Here is where I need your help (well I need you donate too), you see that blog button on the top right of your screen(thank you to my eldest for making that for me), it is big on purpose. I am asking you to put that on your blog too. Maybe even write a post about this contest, and send people over to donate to the this family's adoption. The blog badge is integral, because once I post a new post, the old ones rarely get looked at. So in order to keep people giving for the full duration of the contest, we have to get the word out and keep it in the forefront, so that people can continue to give...and get more chances to win this ipod touch. If you link to this contest on your blog, by placing the button at the top of your page, email me your blog, and I will enter your name into a separate drawing for the book "There is No Me Without You." Sorry, no ipod for linking to the contest, only a chance to win a fantastic book.
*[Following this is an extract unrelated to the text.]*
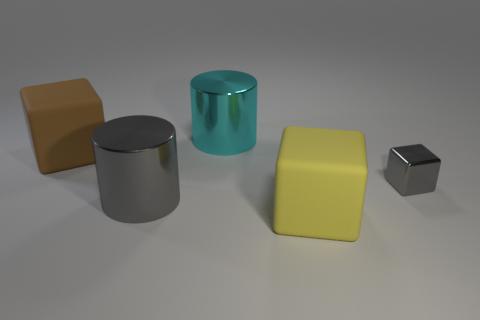Subtract all matte blocks. How many blocks are left? 1 Subtract all cyan cylinders. How many cylinders are left? 1 Add 3 matte things. How many objects exist? 8 Subtract all cylinders. How many objects are left? 3 Subtract all small metal cylinders. Subtract all small gray blocks. How many objects are left? 4 Add 2 gray objects. How many gray objects are left? 4 Add 4 cylinders. How many cylinders exist? 6 Subtract 0 purple blocks. How many objects are left? 5 Subtract 2 cubes. How many cubes are left? 1 Subtract all gray cylinders. Subtract all purple spheres. How many cylinders are left? 1

So one more time here are the rules: For a chance to win an ipod touch
- Donate and get 1 ticket in the drawing for every $15 donation
- 1 winner will be drawn on April 1, 2009
- No one who lives in my house is allowed to join in this contest (much to their dismay)
- ipod touch will be shipped to the winner on or before April 4, 2009
- Include name and email in the note of your donation
Rules to win a copy of the book There is No Me Without You
- Place the blog button at the top of your blog and leave it there for the duration of the contest, and get one ticket in the drawing to win the book.
- Write a blog post about the contest and receive another ticket to win the book.
- Post about it on your facebook account and get another ticket.
- Email me your blog address so I can confirm you have posted.
- Winner for the book will be drawn on April 1, 2009
- Book will be shipped on or before April 4, 2009
- No one who lives in my house is allowed to join this contest either
Please remember that I am just one woman, trying to do the best I can. I will do all I can to run this contest with the up most integrity in an effort to serve the God I love so very much. If you have questions or need to let me know you have posted the contest link on your blog, you can email me at burpeefamily@yahoo.com
To donate and enter to win click the donate button, on the top right of this page. You do not have to have a pay pal account to donate. At the left there is a place to click if you don't have a pay pal account.
Thank you for your participation! We are looking forward to watching what God will do through His people.